Individuen, Gruppen, DNA
Konstruktion von „Urvölkern“ und „jüdischer Abstammung“ in genetischen Herkunftstests in der Schweiz
Die Debatte um Herkunftstests ist beispielhaft für aktuelle naturwissenschaftliche Diskurse um menschliche Diversität. Im Umgang mit den Testergebnissen zeigt sich wie Rassifizierung in der Verwobenheit biologischer und kultureller Bedeutungen erzeugt wird.

Foto: gemeinfrei auf flickr.com (2944065)
Im Oktober 2008 stellte der Westschweizer Grünen-Politiker Luc Recordon eine förmliche Anfrage an den Ständerat, die kleine Kammer des Schweizer Parlaments. Darin kritisierte er die „Verwendung von DNS-Tests für rassistische Zwecke“ und mahnte ein Verbot genetischer Herkunftstests an. Auslöser hierfür war die Vermarktungsstrategie des 2006 gestarteten Schweizer Unternehmens iGenea (Partner des US-amerikanischen Unternehmens FamilyTreeDNA), das u.a. die Möglichkeit bewarb, eine „jüdische Abstammung“ genetisch bestimmen zu lassen. Der Bundesrat wies ein Verbot jedoch mit dem Hinweis zurück, dass „individuelle Nachforschungen über die eigene Herkunft oder die eigenen genetischen Eigenschaften […] in der Schweiz unter Einhaltung der gesetzlichen Bestimmungen erlaubt sein“ sollten. Zudem sei die Gesetzeslage ausreichend, um „Missbräuche auch bei der hier zur Diskussion stehenden Anwendung von genetischen Untersuchungen zu verhindern“1 .

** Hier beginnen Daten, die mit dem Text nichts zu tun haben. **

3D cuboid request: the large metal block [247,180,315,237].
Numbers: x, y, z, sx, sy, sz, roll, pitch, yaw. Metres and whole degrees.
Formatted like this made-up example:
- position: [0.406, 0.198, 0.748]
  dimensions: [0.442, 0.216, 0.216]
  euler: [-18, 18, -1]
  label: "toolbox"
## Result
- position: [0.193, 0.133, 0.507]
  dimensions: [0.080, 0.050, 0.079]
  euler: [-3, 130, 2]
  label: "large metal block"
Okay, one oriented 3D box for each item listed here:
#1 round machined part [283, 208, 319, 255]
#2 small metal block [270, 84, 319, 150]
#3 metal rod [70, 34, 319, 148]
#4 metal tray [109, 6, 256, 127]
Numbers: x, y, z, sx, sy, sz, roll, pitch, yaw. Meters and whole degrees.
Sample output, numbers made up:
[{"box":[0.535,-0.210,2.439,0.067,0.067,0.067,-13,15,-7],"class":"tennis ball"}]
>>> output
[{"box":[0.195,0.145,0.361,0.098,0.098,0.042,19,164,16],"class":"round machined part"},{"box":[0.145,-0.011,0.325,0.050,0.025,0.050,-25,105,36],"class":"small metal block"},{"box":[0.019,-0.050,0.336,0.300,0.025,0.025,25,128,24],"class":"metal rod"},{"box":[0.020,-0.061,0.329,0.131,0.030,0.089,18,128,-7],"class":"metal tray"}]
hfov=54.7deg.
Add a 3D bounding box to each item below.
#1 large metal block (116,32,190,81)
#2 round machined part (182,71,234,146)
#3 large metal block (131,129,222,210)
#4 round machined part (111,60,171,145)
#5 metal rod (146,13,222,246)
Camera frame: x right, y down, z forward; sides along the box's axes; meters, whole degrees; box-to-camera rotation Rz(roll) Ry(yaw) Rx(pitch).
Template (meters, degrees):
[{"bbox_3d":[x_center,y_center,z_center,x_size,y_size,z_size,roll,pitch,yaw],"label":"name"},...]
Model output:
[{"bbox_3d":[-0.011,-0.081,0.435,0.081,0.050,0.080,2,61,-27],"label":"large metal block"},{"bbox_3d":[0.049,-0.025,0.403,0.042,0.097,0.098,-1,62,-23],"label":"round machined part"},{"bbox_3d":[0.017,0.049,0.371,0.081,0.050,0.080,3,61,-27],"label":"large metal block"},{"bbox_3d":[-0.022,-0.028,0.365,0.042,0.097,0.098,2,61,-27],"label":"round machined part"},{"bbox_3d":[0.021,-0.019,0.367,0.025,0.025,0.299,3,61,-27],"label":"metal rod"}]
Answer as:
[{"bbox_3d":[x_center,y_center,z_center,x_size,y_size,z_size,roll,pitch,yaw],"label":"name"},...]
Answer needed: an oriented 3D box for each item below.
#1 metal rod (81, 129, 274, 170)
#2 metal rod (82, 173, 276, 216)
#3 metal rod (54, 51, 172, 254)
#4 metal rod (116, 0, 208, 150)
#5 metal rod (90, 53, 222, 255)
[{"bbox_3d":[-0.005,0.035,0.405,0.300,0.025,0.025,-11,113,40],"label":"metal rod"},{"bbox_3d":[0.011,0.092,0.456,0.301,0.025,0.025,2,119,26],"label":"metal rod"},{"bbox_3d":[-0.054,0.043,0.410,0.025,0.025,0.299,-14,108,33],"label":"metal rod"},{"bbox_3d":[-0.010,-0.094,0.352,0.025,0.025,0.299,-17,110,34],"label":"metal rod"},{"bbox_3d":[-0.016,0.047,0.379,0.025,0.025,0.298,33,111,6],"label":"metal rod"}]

Recordons Anfrage zielte vor allem darauf ab, dass „Jüdischsein“ in den Tests zu einer Frage der Biologie erklärt wurde, was Reminiszenzen an die „rassenkundliche“ und eugenische Praxis des Nationalsozialismus wecke. iGenea selbst beschreibt auf seiner Webseite die genetische Herkunftsbestimmung als stochastisches Verfahren, das auf Varianzen in der DNA und deren statistische Häufung in verschiedenen Bevölkerungsgruppen gründe. Keine der resultierenden DNA-Varianten (sogenannte Haplogruppen) sei exklusiv für eine bestimmte Population. Auf der Basis genetischer Analysen ließen sich jedoch Rückschlüsse auf genealogische Beziehungen ziehen. Der „Rassebegriff“ selbst findet in den medialen Selbstdarstellungen und den Hauptseiten der Homepage des Unternehmens keinerlei Verwendung. iGenea operiert allerdings mit problematischen Begriffen wie „Urvölkern“, zu denen sie neben „Juden“ auch „Germanen, Kelten, Wikinger oder Basken“ zählen. Andere fragwürdige Gruppenbezeichnungen sind „Araber, Kurden, Roma, Slawen, Phönizier, Indogermanen“ sowie ca. drei Dutzend weitere. Recordons Kritik zielte in erster Linie auf die Biologisierung von Zugehörigkeit ab. Sie wurde allerdings mit dem Hinweis auf den Freizeitcharakter, die Harmlosigkeit und die Freiwilligkeit der angebotenen Tests abgewiesen. Die angewandten molekulargenetischen Verfahren, ihre Darstellung und Interpretation blieben in der gesamten Diskussion außen vor. Gerade in ihnen zeigt sich aber, wie Rassifizierungen (d.h. Erschaffung des sozialen Konstrukts „Rasse“ durch Kategorisierung und Hierarchisierung von Menschen anhand bestimmter Merkmale) als biologisch-kulturelle Kopp-lungen hervorgebracht und wirkmächtig werden.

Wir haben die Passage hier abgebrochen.